Residential investment is comprised of three areas: ownership transfer costs, new construction and renovations. Transfer costs include such things as real estate commissions and land transfer taxes, and it was this area that entirely drove home investment lower in the second quarter.
New construction and renovations actually managed to increase. At 4.3 per cent of nominal GDP, construction is roughly double its level in the late 1990s, but short of peaks in the mid-1970s. That’s presumably an area in which people would like to see continued growth, owing to housing shortages.
Where there’s scope for a decline is renovations, said Stephen Brown, senior Canada economist at Capital Economics. The pandemic is rife with stories of people rebuilding their decks with pricey lumber, or investing in better home offices. Now, some people are returning to workplaces and spending on activities that were off-limits in lockdowns. “Maybe spending on renovations is going to decline as spending on services picks up,” Mr. Brown said.
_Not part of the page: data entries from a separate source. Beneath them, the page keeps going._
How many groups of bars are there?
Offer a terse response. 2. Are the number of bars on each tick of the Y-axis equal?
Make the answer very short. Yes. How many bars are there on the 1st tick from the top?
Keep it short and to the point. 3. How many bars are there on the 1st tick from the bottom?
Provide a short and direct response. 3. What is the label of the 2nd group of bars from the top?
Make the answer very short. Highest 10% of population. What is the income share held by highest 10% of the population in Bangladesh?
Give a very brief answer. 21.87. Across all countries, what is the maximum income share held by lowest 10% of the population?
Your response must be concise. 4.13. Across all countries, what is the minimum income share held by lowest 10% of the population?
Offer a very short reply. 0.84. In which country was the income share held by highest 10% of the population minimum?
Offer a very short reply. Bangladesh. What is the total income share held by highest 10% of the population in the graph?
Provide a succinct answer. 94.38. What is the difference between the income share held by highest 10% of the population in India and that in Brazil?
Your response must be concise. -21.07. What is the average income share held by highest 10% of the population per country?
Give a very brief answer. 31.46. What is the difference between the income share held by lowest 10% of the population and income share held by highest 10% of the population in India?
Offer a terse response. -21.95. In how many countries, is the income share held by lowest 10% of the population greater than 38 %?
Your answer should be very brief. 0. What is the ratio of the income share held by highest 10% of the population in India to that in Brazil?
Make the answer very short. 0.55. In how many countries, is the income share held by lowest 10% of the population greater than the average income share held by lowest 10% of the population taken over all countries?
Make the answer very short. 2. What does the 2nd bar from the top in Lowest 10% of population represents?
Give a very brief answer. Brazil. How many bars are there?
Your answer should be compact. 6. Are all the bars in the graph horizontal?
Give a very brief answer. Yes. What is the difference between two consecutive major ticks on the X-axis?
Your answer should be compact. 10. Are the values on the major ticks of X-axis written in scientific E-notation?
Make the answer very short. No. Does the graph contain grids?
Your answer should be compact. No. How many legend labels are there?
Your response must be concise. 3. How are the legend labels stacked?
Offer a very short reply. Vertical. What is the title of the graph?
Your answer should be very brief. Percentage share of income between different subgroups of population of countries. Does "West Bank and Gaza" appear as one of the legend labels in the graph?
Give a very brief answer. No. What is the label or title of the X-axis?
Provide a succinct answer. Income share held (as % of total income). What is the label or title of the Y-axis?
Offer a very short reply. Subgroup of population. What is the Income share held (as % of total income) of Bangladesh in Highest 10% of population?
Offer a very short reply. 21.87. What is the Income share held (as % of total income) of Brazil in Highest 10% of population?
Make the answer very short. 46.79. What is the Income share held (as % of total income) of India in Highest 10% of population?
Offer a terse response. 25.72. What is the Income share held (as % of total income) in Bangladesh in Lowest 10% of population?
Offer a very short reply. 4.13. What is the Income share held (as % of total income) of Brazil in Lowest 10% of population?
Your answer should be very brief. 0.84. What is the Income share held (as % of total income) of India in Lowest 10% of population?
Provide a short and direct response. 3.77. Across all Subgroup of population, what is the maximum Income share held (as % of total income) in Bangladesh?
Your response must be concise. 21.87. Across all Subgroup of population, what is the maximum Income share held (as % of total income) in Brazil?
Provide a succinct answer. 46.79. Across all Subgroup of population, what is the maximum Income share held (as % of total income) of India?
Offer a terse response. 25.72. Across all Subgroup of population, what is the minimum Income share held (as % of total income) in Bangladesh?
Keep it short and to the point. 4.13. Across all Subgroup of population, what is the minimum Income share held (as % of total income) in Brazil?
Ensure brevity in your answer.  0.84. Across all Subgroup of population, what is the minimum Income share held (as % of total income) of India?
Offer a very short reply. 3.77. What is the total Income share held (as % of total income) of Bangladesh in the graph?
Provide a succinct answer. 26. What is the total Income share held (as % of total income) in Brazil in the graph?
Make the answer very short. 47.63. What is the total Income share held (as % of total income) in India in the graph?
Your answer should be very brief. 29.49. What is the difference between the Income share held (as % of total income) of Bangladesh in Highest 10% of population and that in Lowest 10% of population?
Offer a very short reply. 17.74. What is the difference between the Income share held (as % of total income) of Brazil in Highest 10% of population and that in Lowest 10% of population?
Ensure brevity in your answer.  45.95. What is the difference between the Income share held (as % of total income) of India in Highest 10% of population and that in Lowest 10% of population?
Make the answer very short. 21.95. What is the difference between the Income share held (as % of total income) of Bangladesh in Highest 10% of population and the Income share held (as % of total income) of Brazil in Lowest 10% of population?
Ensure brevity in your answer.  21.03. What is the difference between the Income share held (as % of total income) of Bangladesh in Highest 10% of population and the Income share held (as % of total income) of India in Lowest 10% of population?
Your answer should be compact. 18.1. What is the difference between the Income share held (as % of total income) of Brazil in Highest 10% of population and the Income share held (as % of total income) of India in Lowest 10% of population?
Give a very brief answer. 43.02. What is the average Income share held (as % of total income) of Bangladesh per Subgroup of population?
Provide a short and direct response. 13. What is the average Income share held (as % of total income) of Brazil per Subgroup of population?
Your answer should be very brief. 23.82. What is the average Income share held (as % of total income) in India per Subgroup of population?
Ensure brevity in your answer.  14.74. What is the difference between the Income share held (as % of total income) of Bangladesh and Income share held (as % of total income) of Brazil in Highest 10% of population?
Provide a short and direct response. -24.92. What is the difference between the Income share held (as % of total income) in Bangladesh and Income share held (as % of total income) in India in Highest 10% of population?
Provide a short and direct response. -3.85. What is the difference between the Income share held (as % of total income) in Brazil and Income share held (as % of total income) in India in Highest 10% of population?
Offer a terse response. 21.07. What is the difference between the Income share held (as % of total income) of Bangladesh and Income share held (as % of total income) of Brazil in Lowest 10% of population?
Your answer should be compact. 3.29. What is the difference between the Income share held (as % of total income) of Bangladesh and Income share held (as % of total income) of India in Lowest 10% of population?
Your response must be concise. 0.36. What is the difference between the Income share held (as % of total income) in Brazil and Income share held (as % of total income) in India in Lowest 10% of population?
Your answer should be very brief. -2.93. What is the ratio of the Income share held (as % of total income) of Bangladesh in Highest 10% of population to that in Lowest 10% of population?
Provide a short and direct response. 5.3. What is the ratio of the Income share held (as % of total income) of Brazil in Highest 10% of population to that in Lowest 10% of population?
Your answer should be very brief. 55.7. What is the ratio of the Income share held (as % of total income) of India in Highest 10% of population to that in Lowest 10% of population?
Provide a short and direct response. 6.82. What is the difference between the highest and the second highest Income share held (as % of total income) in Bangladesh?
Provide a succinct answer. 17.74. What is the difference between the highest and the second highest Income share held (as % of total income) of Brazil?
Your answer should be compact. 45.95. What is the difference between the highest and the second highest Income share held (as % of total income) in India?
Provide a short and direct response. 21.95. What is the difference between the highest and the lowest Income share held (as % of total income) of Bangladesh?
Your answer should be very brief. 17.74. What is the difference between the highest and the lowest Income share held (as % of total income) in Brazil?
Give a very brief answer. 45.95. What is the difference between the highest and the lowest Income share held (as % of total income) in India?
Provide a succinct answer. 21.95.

Beyond the GDP numbers, the price of homes has accelerated greatly in the pandemic, making it tougher to break into the ranks of homeowners. The national average sale price of $662,000 in July was up 16 per cent from a year ago. For housing skeptics, the national obsession with real estate is a sign of misplaced priorities; that resources could be better allocated to things that enhance our productivity and living standards.
Instead, Canadians have doubled down on mortgage debt in the pandemic, bolstering age-old concerns over the financial health of consumers. In Tuesday’s GDP report, Statistics Canada noted that households added $84.2-billion in mortgages over the first half of 2021, versus $62.3-billion in the second half of 2020. In June, mortgage debt accelerated at the quickest annual pace since 2008.
Housing troubles were a topic of conversation on Royal Bank of Canada’s earnings call in late August. Chief executive Dave McKay said he worried about the bank’s ability to recruit workers with home prices so lofty in major markets. But his concerns ran deeper than that.
“Where I do worry ... is the more cash flow that consumers are putting into housing stock, the less is available to drive the economy,” he said. “I think all policy-makers are worried partly ... about long-term economic drag from that much cash flow going into servicing housing.”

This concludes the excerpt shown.